00:11:10: Und da ist dann eben dieses sehr große Review entstanden aus vielen fünfzig verschiedenen Einzelstudien zum Thema Halten und Drücken mit völlig unterschiedlichen Ansätzen was natürlich den Vergleich recht schwermacht.

00:11:21: und trotzdem konnten wir in der Mitte Analyse ein paar eindeutige Unterschiede identifizieren.

00:11:26: Die

00:11:26: haben wir inzwischen zur Publikation eingereicht mit Dustin Orenczuk und Laura als Hauptautoren.

00:11:34: Print schon draußen.

00:11:35: Also jetzt ist gut, das war schon im November.

00:11:38: Im

00:11:39: Herbst, seitdem läuft der Review-Prozess.

00:11:42: Das Ganze wurde ein Werk mit zweiundachtzig Seiten also hochkomplex und zumal zu einer Thematik die nicht etabliert ist.

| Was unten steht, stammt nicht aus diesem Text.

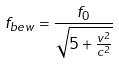<formula> <loc_0><loc_0><loc_500><loc_500>f _ { b e w } = \frac { f _ { 0 } } { \sqrt { 5 + \frac { v ^ { 2 } } { c ^ { 2 } } } }</formula> 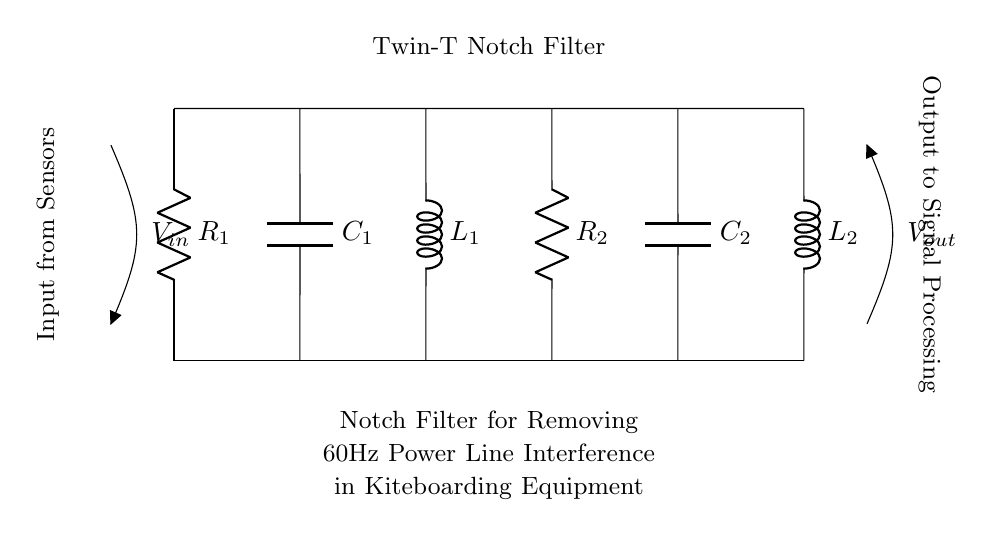What is the total number of components in the circuit? The circuit schematic shows six components: two resistors (R1, R2), two capacitors (C1, C2), and two inductors (L1, L2). Adding these gives a total of six components.
Answer: six What is the purpose of this circuit? The diagram is labeled "Notch Filter for Removing 60Hz Power Line Interference," indicating that its primary purpose is to filter out interference specifically at the frequency typical of power lines.
Answer: removing interference What is the input voltage symbol in the circuit? The input voltage in the schematic is represented by the symbol V_in, which is indicated at the left side of the circuit diagram.
Answer: V_in How many inductors are in this circuit? The circuit contains two inductors, as labeled L1 and L2, which are parts of the filter design.
Answer: two What type of filter is represented in this diagram? The circuit is specifically labeled as a "Twin-T Notch Filter," which designates its configuration for rejecting a specific frequency range.
Answer: Twin-T Notch Filter What is the output voltage label in the circuit? The output voltage is marked as V_out in the circuit diagram, which shows where the processed signal exits the filter.
Answer: V_out What components are used for frequency selection in the notch filter? In this configuration, the capacitor (C1, C2) and the inductors (L1, L2) are primarily responsible for the frequency selection, working together to create the notch effect.
Answer: capacitors and inductors 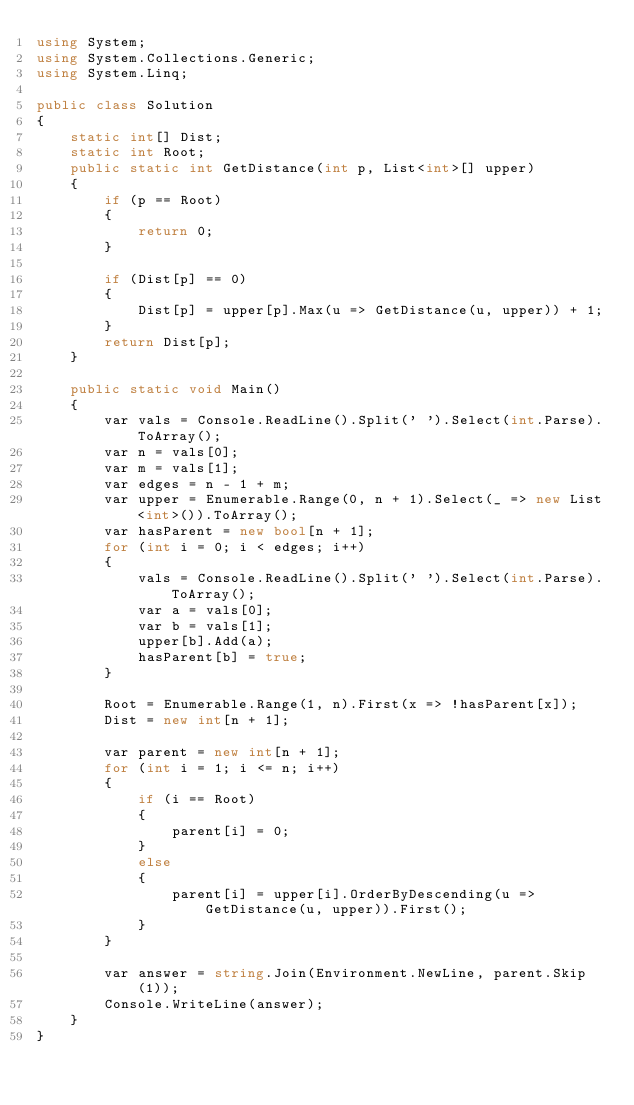<code> <loc_0><loc_0><loc_500><loc_500><_C#_>using System;
using System.Collections.Generic;
using System.Linq;

public class Solution
{
    static int[] Dist;
    static int Root;
    public static int GetDistance(int p, List<int>[] upper)
    {
        if (p == Root)
        {
            return 0;
        }

        if (Dist[p] == 0)
        {
            Dist[p] = upper[p].Max(u => GetDistance(u, upper)) + 1;
        }
        return Dist[p];
    }

    public static void Main()
    {
        var vals = Console.ReadLine().Split(' ').Select(int.Parse).ToArray();
        var n = vals[0];
        var m = vals[1];
        var edges = n - 1 + m;
        var upper = Enumerable.Range(0, n + 1).Select(_ => new List<int>()).ToArray();
        var hasParent = new bool[n + 1];
        for (int i = 0; i < edges; i++)
        {
            vals = Console.ReadLine().Split(' ').Select(int.Parse).ToArray();
            var a = vals[0];
            var b = vals[1];
            upper[b].Add(a);
            hasParent[b] = true;
        }

        Root = Enumerable.Range(1, n).First(x => !hasParent[x]);
        Dist = new int[n + 1];

        var parent = new int[n + 1];
        for (int i = 1; i <= n; i++)
        {
            if (i == Root)
            {
                parent[i] = 0;
            }
            else
            {
                parent[i] = upper[i].OrderByDescending(u => GetDistance(u, upper)).First();
            }
        }

        var answer = string.Join(Environment.NewLine, parent.Skip(1));
        Console.WriteLine(answer);
    }
}</code>

00:11:50: Im Ergebnis läuft das Reviewverfahren noch immer.

00:11:54: Und

00:11:54: jetzt gerade wurde es zurückgezogen oder wir wurden darum gebeten zurückzuziehen weil sie kein Reviewer gefunden haben?

00:11:59: Sie haben wohl vierundzwanzig Personen angefragt.

00:12:02: Also es läuft, ist es schwierig.

00:12:05: Aber die Ergebnisse, die ergeben Sie, wer möchte?

00:12:09: Kann

00:12:09: sich da gerne durchgraben auch wenn es nicht gerade Betlektüre geworden ist.

00:12:14: Gut aber vielleicht zu den Ergebnissen, die uns im Wesentlichen weitgehend bestätigen.

00:12:19: Genau also es finden sich signifikante und wahrscheinlich daher nicht zufällige Unterschiede zum Beispiel in der elektrischen Aktivierung der Muskeln, in Kraftschwankern wegen des Ermüdungsverlauf vor allem.

00:12:30: natürlich.

00:12:31: erstmal Halten ist weniger ausdauernd als drücken.

00:12:34: Und Herzrequenz, Blutdruck und so weiter, die unterscheiden sich auch vor allem im Anstieg.

00:12:39: Also wenn man alles zusammennimmt ergeben sich etliche Hinweise, die naheliegen das Halten- und Drückentat zeichlich zwei unterschiedliche Formen der Kraft sind...

00:12:49: ...und ganz wichtig!

00:12:50: Die Parameter, die sprechen dafür dass es komplizierter für unseren Nervenmuskelsystem ist Wenn wir halten als wenn bedrücken.

00:12:58: Das könnte erklären warum das Halten möglicherweise anfällig ist auf Störung.

00:13:03: Genau, so erfordert mehr Rechenleistung, komplexere Vernetzung im Gehirn und daher können da auch andere Faktoren einfließen.

00:13:10: Na gut!

00:13:11: Beim Halten scheint der Muskelaufdauer schneller zu ermüden aber das erklärt ja noch nicht wieso Muskeln beim Muskeltest ohne vorherige Belastung plötzlich einbrechen wie ihr behauptet?

00:13:23: So ein MuskeltEST prüft ja nicht die Kraftausdauer.

00:13:27: Der Test geht ja schließlich nur über ein paar Sekunden.

00:13:30: Völlig richtig, Michael!

00:13:31: Aber dazu kommen wir noch step by step.

00:13:34: Bei Muskeltest genauso wie auch bei unseren Paar-Messungen damals mit der isometischen Kraft sind die Rollen klar verteilt.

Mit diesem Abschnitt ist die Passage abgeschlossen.